D Core Guidelines?
bachmeier
no at spam.net
Sat Sep 2 16:45:49 UTC 2023
On Saturday, 2 September 2023 at 16:08:43 UTC, Bruce Carneal
wrote:
> D, as you will have noted from the responses so far, appeals to
> programmers with widely differing interests and experience.
> Additionally I, and I imagine many others, adopt a different
> style when writing performance critical library components than
> I do when knocking out a command line utility. You may have
> better luck getting what you're looking for if you provide some
> anticipated use scenarios.
Yeah, this is what I was getting at in my comment. I use D more
than anything as a scripting language (I no longer write Ruby).
In those cases, I don't worry about performance at all, the code
will be fast no matter how I write it, and the garbage collector
is the best thing ever. Sometimes I use it for reading in large
datasets, and I might disable/avoid the garbage collector if it
has a practical impact. Then there is the Mir case, where the
goal is performance at all costs, so that's written in betterC.
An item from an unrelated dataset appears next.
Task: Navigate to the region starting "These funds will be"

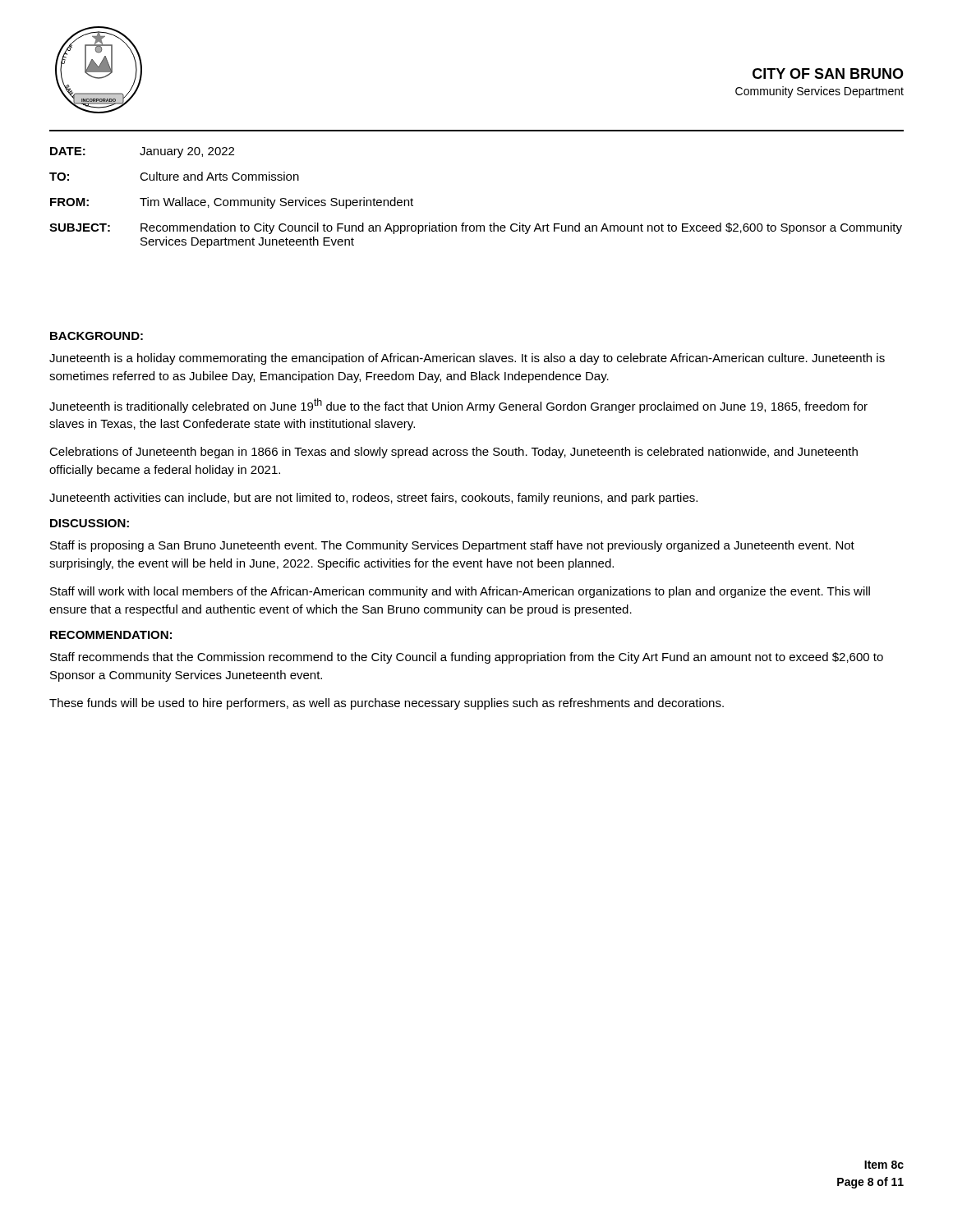Action: 387,702

Others want extremely safe code, so they put attributes
everywhere. In the absence of a use case, you just can't tell
people how to write their code.
C++, on the other hand, is focused mainly on cases where you want
performance. Folks adopting that mindset with D will give silly
responses to questions. One example that comes to mind from years
ago was a piece of advice about string concatentation. The person
giving the advice implicitly assumed the user wanted to prevent
allocation above all else. That just isn't a consideration for
much (most?) of the D code that's written using strings.